PRINTED BY ADAM WALDIE, 46 CARPENTER STREET.

INTRODUCTION.

OF DEATH; AND OF THE ELEMENTS OF PATHOLOGAL STUDY.

There is a life, which is simply vegetative. This is displayed in plants, and in molæ or imperfect conceptions of animals. It consists in nutrition; that is to say, in the performance of certain actions in which the individual imbibes, and assimilates, and distributes through its frame, foreign matter, with the double end of preserving itself against the destroying influence of external agents, and of producing other similar beings to perpetuate its species. The death of vegetative life is the cessation of nutrition: a time arrives, when foreign matter is no longer imbibed and assimilated, and when the organised body yields to decay. Animal life is vegetative life, and something more. An animal, like a plant, grows by nutrition; but besides the organs employed in assimilation and secretion, it has others [formed in it by the same principles of growth as the assimilating organs] in which, through a mysterious union, sensation and volition, instinct and reason, temporarily reside. Of these organs in the higher animals, and in man, the brain is the essential one: the extinction of the function of the brain is their DEATH; whether we regard man, whose death is the separation of the body and of an immortal soul—or animals, whose death is the suppression of a narrower consciousness.

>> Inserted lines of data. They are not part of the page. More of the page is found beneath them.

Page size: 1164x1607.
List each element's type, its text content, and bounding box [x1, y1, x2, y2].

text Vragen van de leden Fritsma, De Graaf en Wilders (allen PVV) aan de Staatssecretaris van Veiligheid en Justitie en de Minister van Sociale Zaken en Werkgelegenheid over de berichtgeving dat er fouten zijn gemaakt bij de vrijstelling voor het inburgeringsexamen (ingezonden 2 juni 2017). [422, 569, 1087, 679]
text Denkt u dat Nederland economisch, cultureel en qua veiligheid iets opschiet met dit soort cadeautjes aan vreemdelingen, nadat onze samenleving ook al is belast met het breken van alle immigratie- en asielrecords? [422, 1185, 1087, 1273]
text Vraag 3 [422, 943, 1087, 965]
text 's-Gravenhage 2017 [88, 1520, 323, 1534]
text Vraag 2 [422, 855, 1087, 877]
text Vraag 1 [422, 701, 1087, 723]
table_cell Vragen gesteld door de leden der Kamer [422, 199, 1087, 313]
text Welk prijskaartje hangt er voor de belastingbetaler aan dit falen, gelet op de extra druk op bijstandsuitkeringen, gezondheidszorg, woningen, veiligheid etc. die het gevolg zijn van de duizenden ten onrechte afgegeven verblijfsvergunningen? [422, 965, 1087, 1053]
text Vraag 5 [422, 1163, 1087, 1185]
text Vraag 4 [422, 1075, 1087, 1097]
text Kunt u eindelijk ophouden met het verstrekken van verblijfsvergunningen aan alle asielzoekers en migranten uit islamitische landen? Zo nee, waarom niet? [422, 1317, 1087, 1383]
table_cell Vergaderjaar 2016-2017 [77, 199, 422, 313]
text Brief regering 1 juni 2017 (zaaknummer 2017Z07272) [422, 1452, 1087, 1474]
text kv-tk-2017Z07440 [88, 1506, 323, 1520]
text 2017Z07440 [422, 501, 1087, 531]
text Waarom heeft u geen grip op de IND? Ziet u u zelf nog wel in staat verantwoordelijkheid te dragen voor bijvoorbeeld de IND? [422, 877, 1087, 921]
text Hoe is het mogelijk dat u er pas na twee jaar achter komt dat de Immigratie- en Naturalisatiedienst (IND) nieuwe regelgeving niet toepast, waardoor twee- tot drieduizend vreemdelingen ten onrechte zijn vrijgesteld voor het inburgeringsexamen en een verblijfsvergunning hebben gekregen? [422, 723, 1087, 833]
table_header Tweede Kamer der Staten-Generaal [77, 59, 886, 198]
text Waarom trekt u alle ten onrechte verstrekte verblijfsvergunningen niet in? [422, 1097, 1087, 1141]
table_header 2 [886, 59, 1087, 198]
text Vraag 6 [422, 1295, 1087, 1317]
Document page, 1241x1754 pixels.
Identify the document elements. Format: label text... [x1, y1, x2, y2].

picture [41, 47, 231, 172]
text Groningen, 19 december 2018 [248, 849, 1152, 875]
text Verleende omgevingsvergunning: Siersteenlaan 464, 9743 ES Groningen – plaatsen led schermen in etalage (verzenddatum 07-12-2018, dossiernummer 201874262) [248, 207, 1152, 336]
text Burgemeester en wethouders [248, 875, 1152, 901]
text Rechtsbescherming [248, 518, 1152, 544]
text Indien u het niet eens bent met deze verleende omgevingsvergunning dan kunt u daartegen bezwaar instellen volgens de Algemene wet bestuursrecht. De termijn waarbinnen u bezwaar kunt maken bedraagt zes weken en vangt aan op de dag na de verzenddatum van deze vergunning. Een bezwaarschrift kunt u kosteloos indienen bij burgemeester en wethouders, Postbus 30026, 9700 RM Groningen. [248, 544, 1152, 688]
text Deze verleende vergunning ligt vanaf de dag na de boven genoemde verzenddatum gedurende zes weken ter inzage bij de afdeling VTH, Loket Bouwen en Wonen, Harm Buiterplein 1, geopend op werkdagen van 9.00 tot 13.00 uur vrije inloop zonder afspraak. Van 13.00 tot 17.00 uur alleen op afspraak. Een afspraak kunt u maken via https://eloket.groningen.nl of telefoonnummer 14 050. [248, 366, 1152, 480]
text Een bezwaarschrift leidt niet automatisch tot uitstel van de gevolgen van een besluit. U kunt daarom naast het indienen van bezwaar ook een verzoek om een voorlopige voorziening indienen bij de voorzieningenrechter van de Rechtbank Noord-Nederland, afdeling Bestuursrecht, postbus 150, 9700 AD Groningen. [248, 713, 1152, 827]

When we examine the varieties of cerebral lesion or impairment, that are sufficient to put an end to consciousness, they are found to be reducible to eight distinct heads:-mechanical or chemical injury-mental shocks-direct action of certain poisons on the brain-deficient momentum in the circulation of arterial blood in the brain-circulation of black blood in the brain-collapse following over-excitement-deficient nutrition-sympathy with lesions of other parts.

I. Mechanical or chemical injury.

a. Concussion of the brain, if sufficiently violent, is instantaneously fatal, through direct extinction of cerebral power.

b. Partial laceration of the upper part of the medulla oblongata is capable of destroying life at the instant. This is proved by the following experiment.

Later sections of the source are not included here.